A General Counsel's Playbook for Containing AI Litigation and Compliance Risks
This article discusses the growing legal and compliance challenges that general counsel face with the increasing use of AI systems in their organizations. It outlines key strategies to manage AI-related risks, including classifying use cases, demanding traceability, tightening vendor contracts, and embedding AI into governance frameworks.
Why it matters
As AI systems become more pervasive in enterprises, general counsel must develop a comprehensive strategy to mitigate the growing legal and compliance risks.
Key Points
- 1Existing regulations, not new AI-specific laws, are being applied to AI systems by financial, data protection, and consumer protection regulators
- 2AI systems can expose organizations to familiar legal claims like fraud, misrepresentation, and unfair practices, with the added complexity of opaque models and vendor-run decision engines
- 3General counsel must make AI systems 'legible' by classifying use cases, demanding traceability, tightening vendor contracts, and embedding AI into three-lines-of-defense governance
- 4AI-powered tools for M&A and litigation support can accelerate work but also introduce new risks, such as hallucinated citations leading to sanctions
Details
General counsel are now accountable for AI systems they did not directly purchase or fully understand, but must defend under overlapping regulatory regimes in the EU, UK, and US. Existing laws around fraud, misrepresentation, and unfair practices are being applied to AI systems, even as vendors embed opaque language models and agent-based decision engines into core workflows with limited documentation and auditability.
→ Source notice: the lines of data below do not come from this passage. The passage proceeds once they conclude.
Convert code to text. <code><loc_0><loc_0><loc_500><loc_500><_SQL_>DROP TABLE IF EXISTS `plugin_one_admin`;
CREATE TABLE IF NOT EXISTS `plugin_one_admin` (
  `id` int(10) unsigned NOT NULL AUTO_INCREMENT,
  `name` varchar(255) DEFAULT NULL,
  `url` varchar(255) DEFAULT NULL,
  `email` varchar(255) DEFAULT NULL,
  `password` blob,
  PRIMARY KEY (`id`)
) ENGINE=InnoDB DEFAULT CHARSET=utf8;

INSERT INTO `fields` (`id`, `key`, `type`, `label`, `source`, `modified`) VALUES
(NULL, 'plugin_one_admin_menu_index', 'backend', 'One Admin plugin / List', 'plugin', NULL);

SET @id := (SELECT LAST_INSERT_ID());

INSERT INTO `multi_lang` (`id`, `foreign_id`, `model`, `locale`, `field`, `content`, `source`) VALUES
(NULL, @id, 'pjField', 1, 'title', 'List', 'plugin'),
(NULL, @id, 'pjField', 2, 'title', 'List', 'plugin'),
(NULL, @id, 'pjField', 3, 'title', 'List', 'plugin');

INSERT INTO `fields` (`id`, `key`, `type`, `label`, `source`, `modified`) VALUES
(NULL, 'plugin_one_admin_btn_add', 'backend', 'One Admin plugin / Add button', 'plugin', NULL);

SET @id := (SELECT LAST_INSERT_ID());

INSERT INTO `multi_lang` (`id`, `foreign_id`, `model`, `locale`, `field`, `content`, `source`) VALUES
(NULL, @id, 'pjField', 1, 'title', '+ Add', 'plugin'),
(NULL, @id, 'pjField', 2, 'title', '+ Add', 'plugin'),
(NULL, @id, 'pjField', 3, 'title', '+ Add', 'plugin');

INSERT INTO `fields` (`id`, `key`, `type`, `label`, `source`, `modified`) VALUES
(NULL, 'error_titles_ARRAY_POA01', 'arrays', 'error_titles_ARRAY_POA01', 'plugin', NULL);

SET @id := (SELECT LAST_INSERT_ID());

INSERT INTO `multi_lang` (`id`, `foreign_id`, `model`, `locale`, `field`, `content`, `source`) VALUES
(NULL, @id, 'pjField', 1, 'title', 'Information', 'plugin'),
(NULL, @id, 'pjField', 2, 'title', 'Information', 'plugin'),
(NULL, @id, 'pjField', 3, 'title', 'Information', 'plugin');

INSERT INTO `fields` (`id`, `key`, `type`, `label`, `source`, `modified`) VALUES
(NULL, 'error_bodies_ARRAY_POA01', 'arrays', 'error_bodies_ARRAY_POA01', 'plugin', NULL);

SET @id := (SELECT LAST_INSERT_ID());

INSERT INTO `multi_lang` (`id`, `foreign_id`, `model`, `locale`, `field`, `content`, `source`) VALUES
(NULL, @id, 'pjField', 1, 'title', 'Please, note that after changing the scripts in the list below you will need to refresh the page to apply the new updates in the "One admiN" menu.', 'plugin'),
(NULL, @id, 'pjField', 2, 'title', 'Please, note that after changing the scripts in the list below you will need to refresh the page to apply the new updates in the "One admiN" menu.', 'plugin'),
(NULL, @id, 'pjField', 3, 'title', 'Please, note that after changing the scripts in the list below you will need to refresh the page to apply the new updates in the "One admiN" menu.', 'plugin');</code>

To manage this 'infinite' AI risk, general counsel must take a proactive approach: classifying AI use cases by risk level, demanding robust traceability and security controls, tightening vendor contracts, and embedding AI systems into three-lines-of-defense governance frameworks (business ownership, independent risk/compliance oversight, and internal audit testing). The goal is to turn amorphous AI risk into a documented, explainable program that can withstand legal discovery, regulatory review, and expert scrutiny.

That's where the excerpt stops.